Output only an exact transcription of the line containing "Reconstruct each listed" and all lines that follow it in the data below.
+++
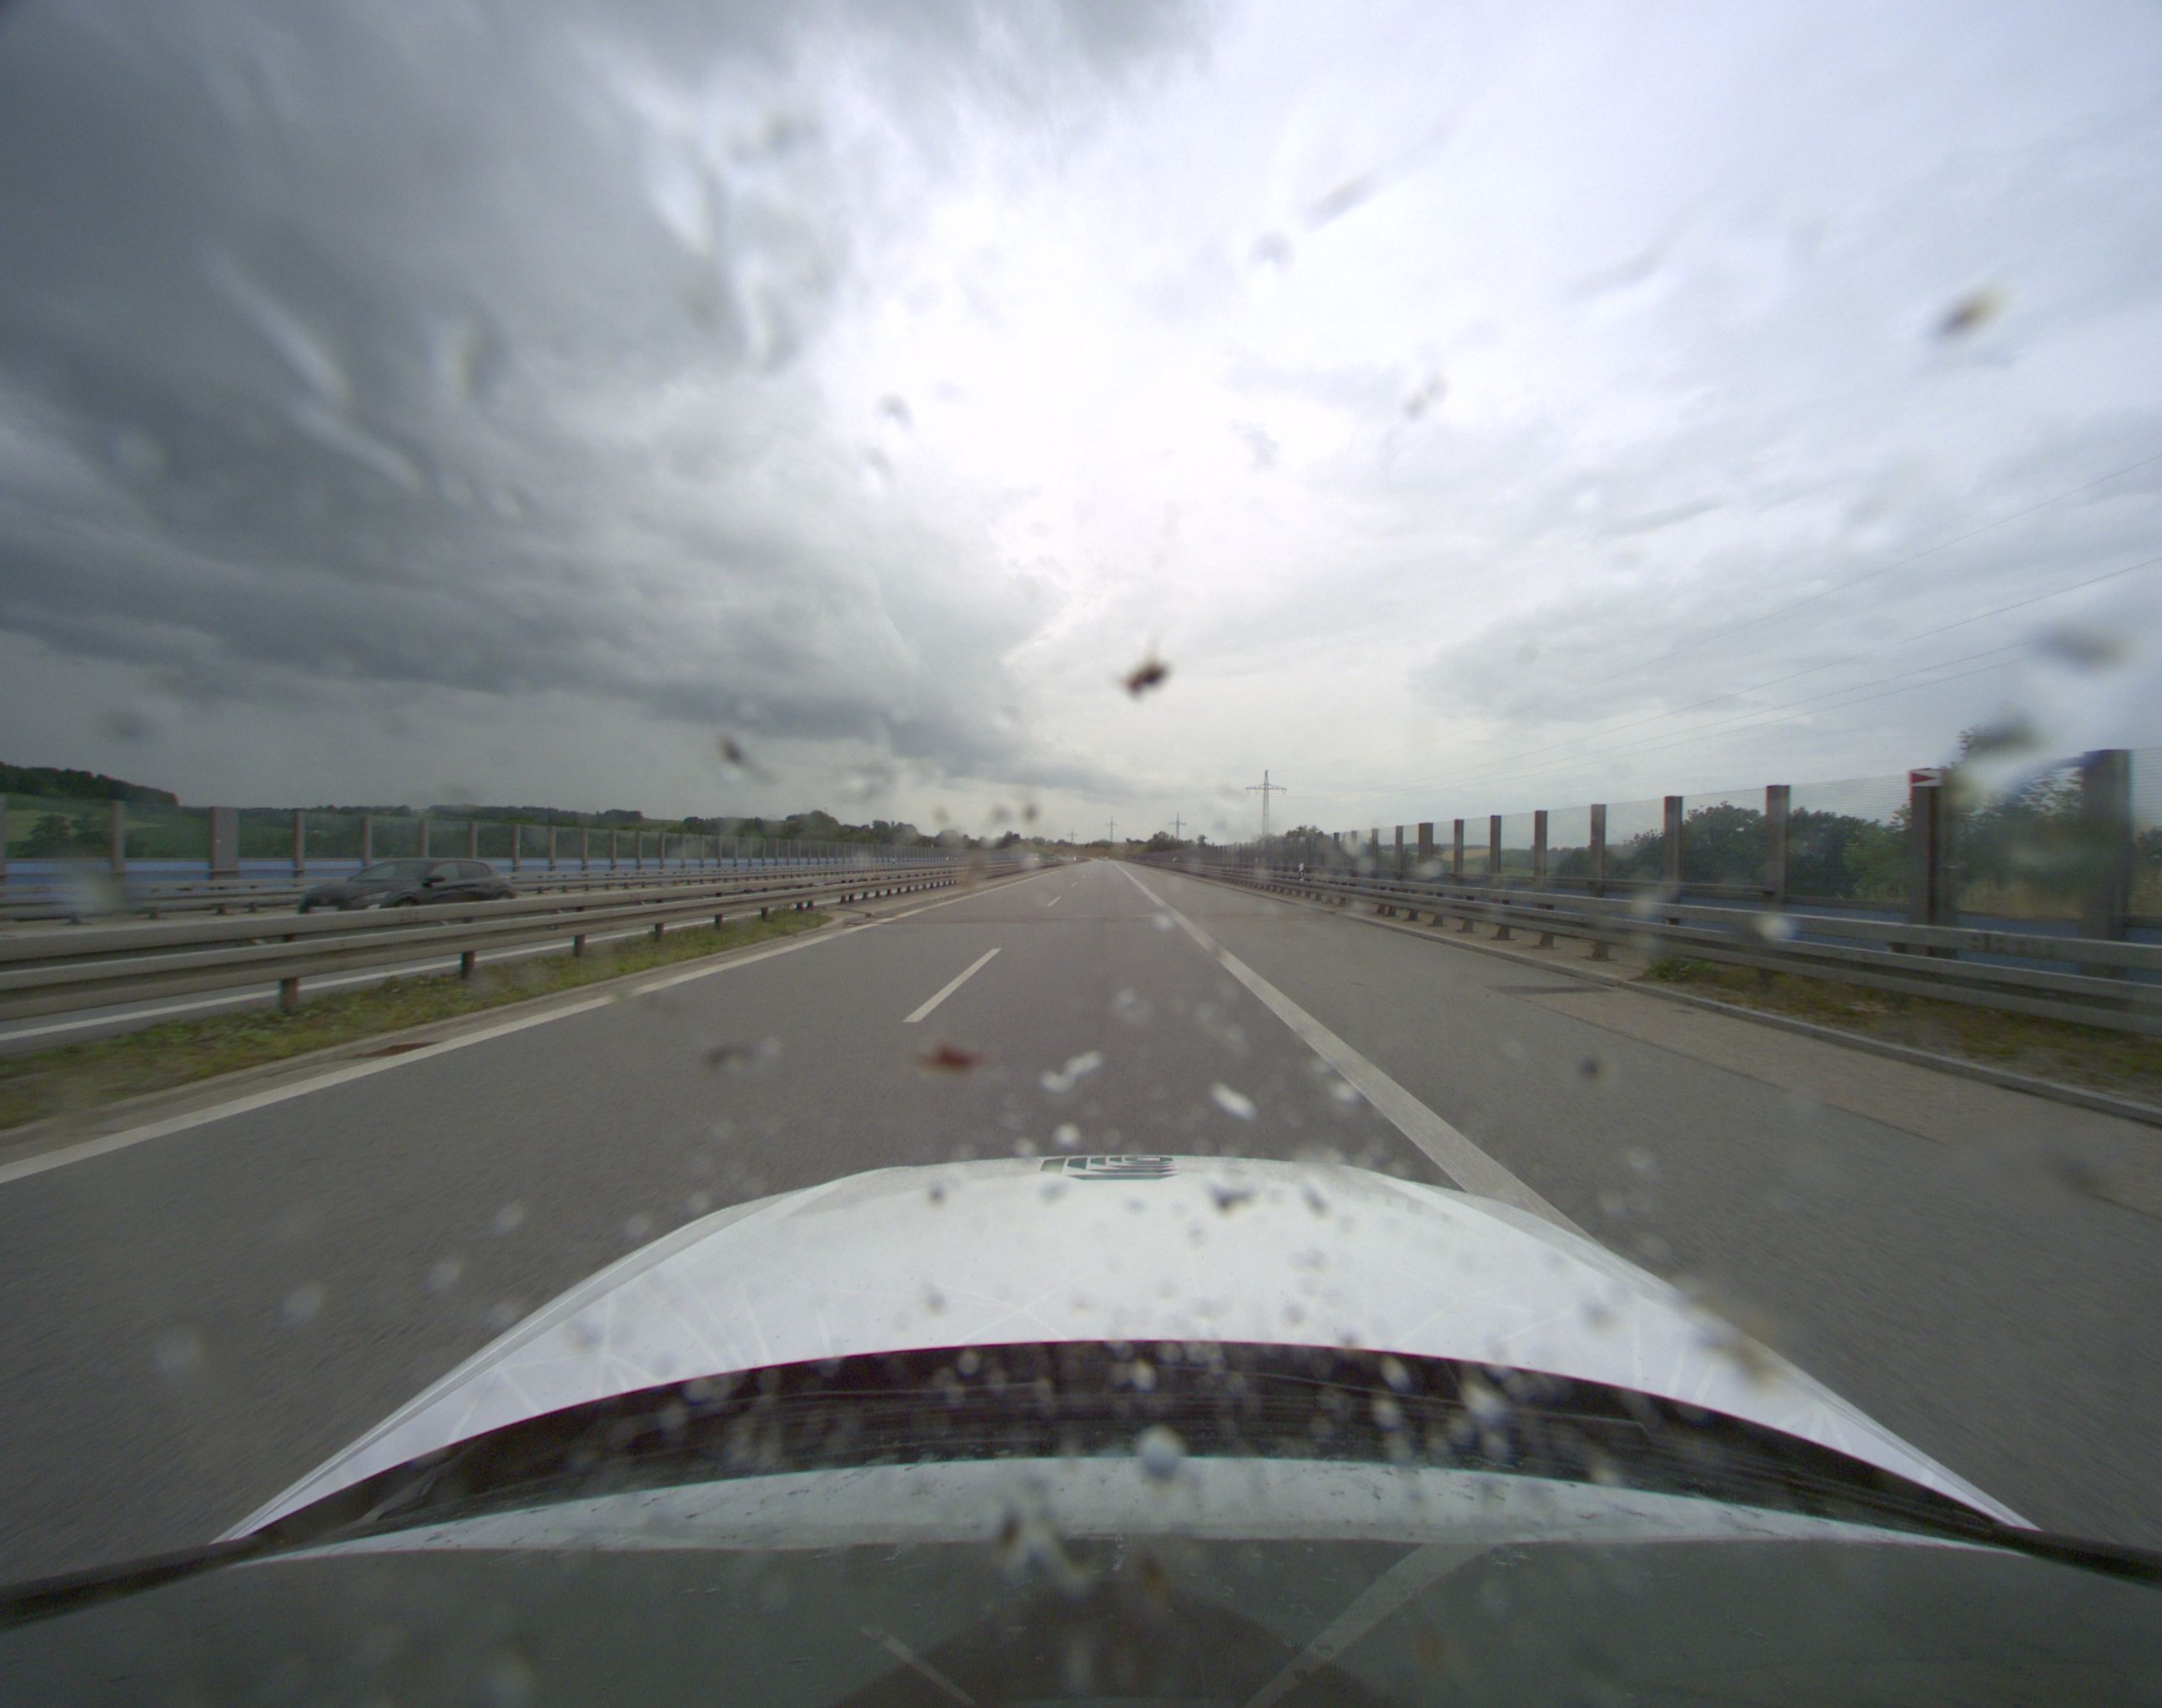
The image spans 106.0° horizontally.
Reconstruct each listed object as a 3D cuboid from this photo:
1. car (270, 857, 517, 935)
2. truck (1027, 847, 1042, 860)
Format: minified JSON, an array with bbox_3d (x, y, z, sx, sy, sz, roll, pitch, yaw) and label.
[{"bbox_3d":[-13.939,0.776,16.873,1.624,1.409,4.002,0,0,2],"label":"car"},{"bbox_3d":[-9.163,-0.127,160.400,2.264,2.431,7.455,0,0,2],"label":"truck"}]
+++
Response to this task »
Reconstruct each listed object as a 3D cuboid from this photo:
1. car (270, 857, 517, 935)
2. truck (1027, 847, 1042, 860)
Format: minified JSON, an array with bbox_3d (x, y, z, sx, sy, sz, roll, pitch, yaw) and label.
[{"bbox_3d":[-13.939,0.776,16.873,1.624,1.409,4.002,0,0,2],"label":"car"},{"bbox_3d":[-9.163,-0.127,160.400,2.264,2.431,7.455,0,0,2],"label":"truck"}]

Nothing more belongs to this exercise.